The Answer
Yes. Yes it did.
When Coca Cola was first introduced in 1886, a new (briefly enacted) law in Atlanta had been passed prohibiting the manufacture and sale of alcohol. Inventor John Pemberton created a beverage that was inspired by something called “coca wine” which was popular in France at the time, which mixed extract from the coca leaf with wine.
Instead of wine (now illegal), he mixed the coca leaf extract with sugar syrup and added kola nut extract (which contains caffeine). This combination gave the product the name Coca-Cola.

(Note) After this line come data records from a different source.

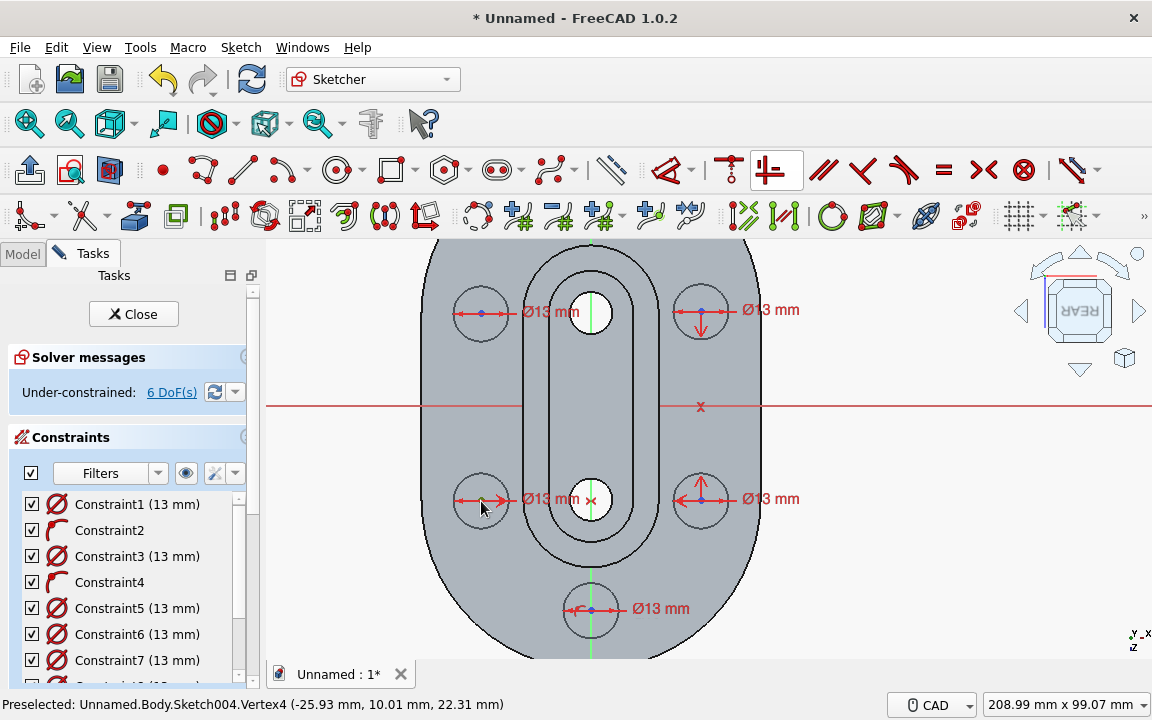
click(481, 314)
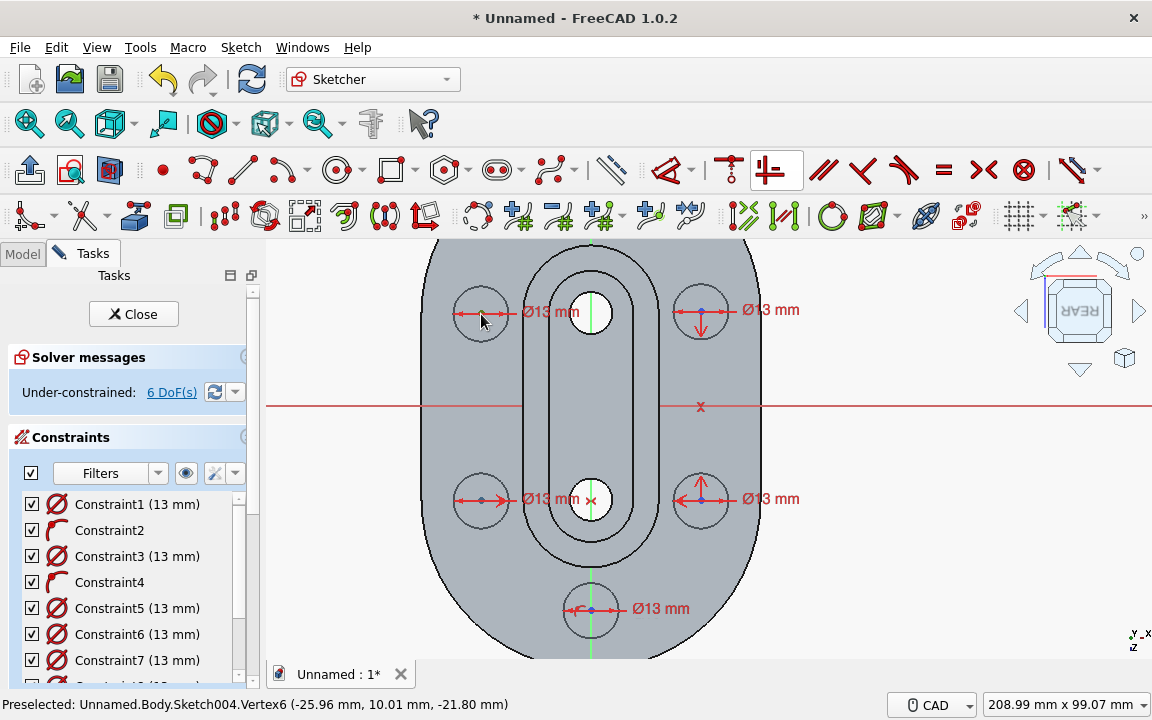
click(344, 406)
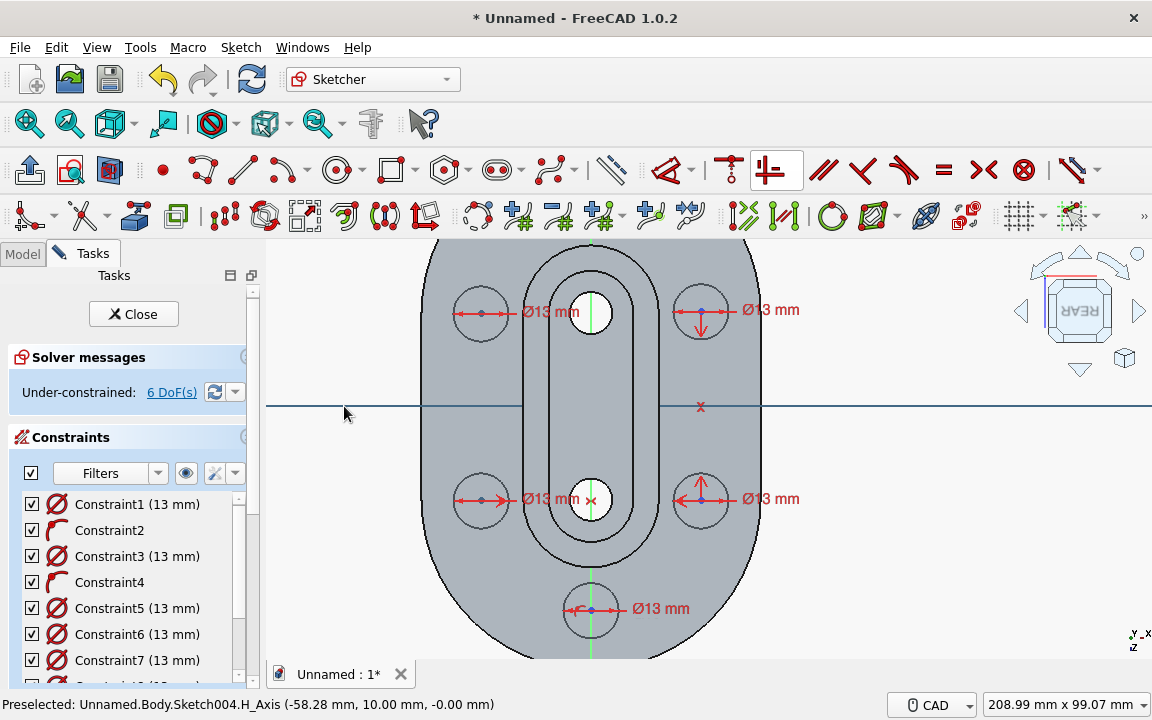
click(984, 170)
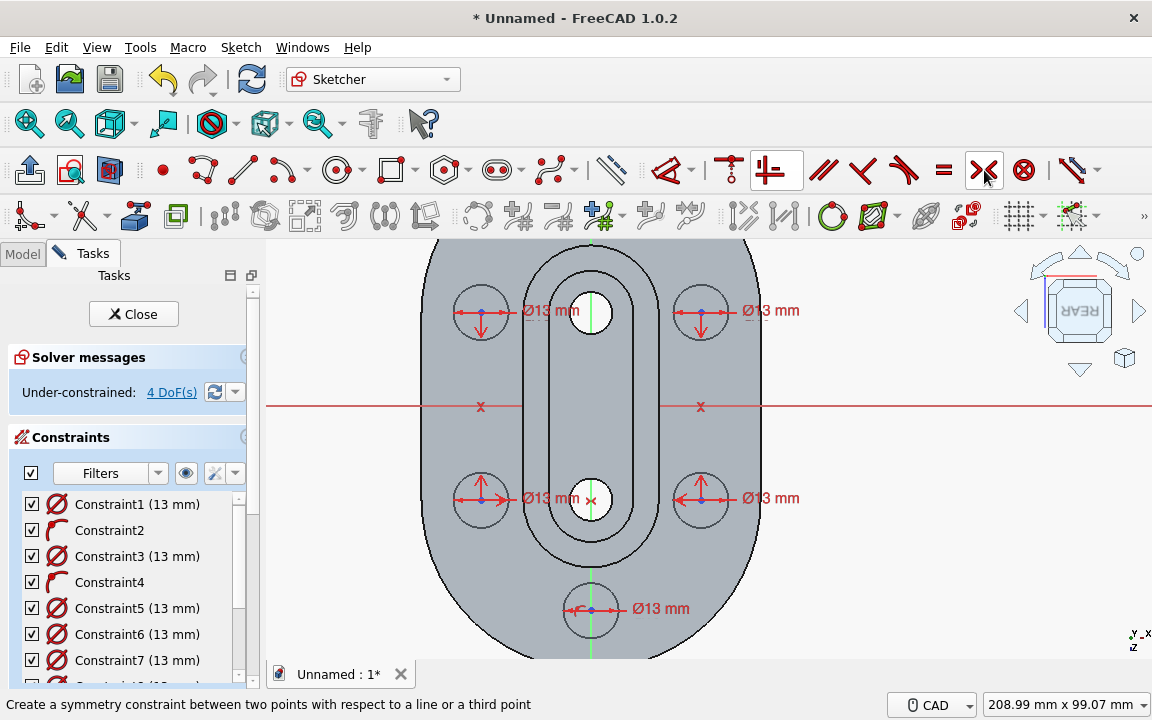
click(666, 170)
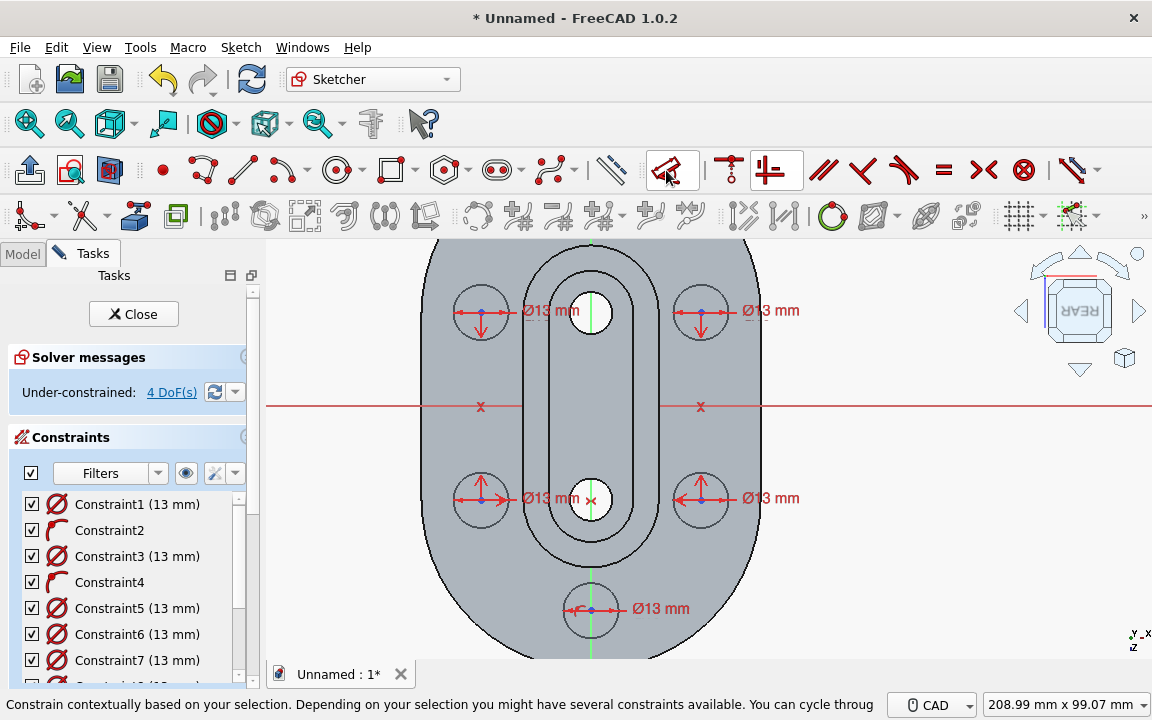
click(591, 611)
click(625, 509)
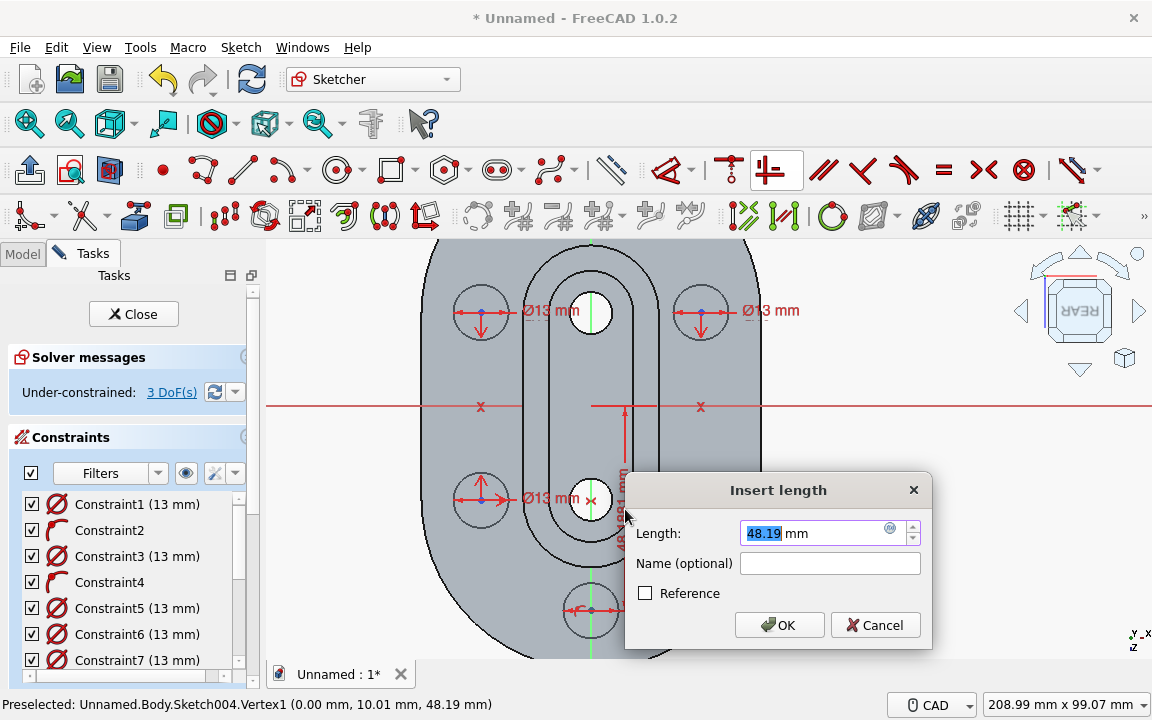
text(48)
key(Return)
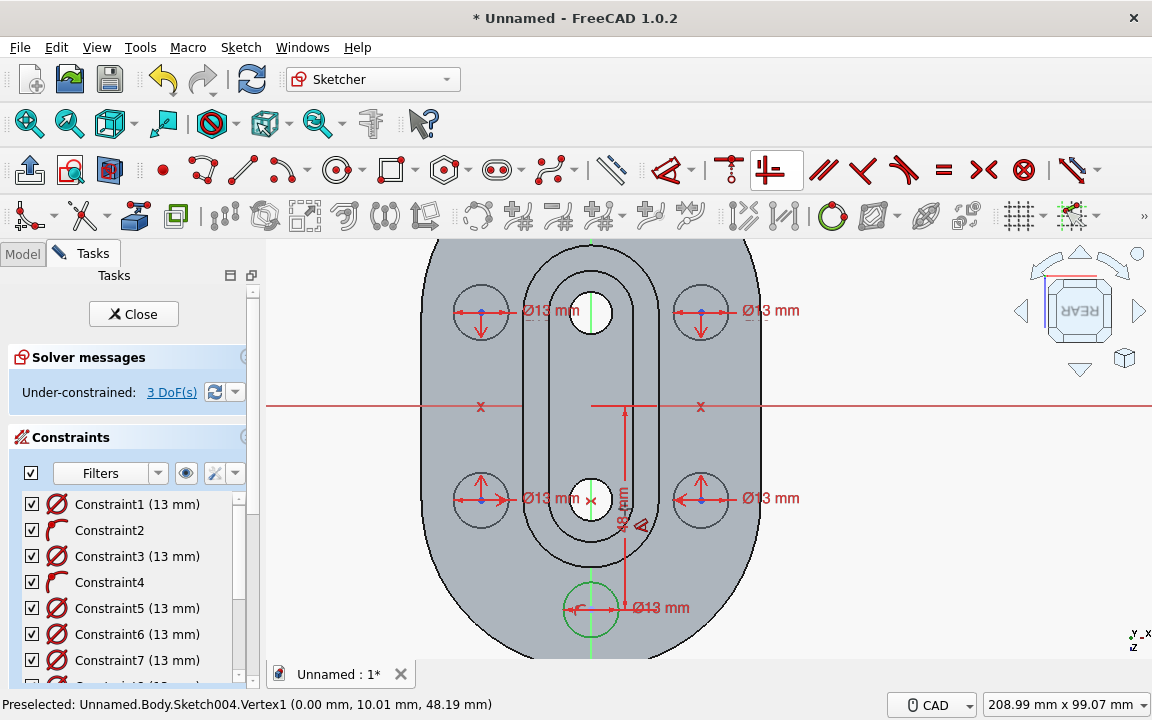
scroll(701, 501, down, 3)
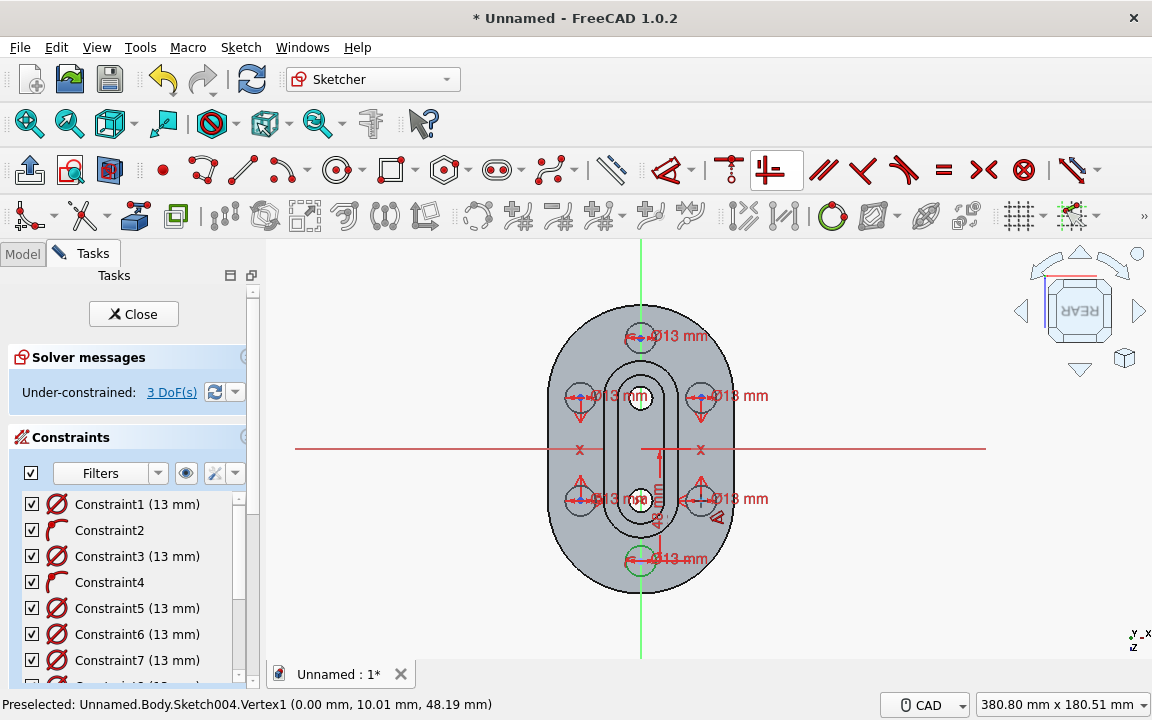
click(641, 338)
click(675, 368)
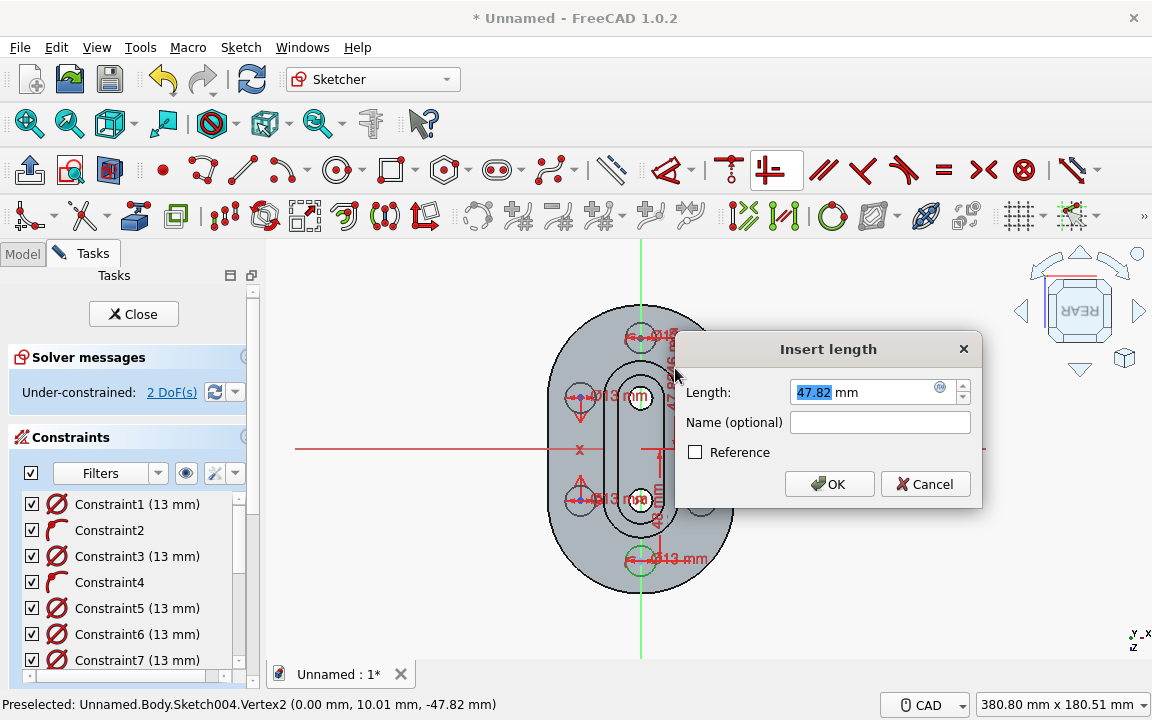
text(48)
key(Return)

Strangely, while alcohol was illegal, cocaine was not (and didn’t become illegal until 1914). Cocaine was commonly found in a variety of products at the time.
[Cocaine] had a variety of (sometimes questionable) medical uses. Cocaine tonics, powders and pills were popularly believed to cure a variety of ailments, from headache and fatigue to constipation, nausea, asthma and impotence.
Is there still cocaine in Coca-Cola?
In the early 20th century the formula was adjusted to contain a non-narcotic extract from the coca leaf and cocaine was phased out. Coca-Cola still contains coca extract to this day but contains no cocaine.
…by 1902 it was as little as 1/400 of a grain of cocaine per ounce of syrup. Coca-Cola didn’t become completely cocaine-free until 1929, but there was scarcely any of the drug left in the drink by then.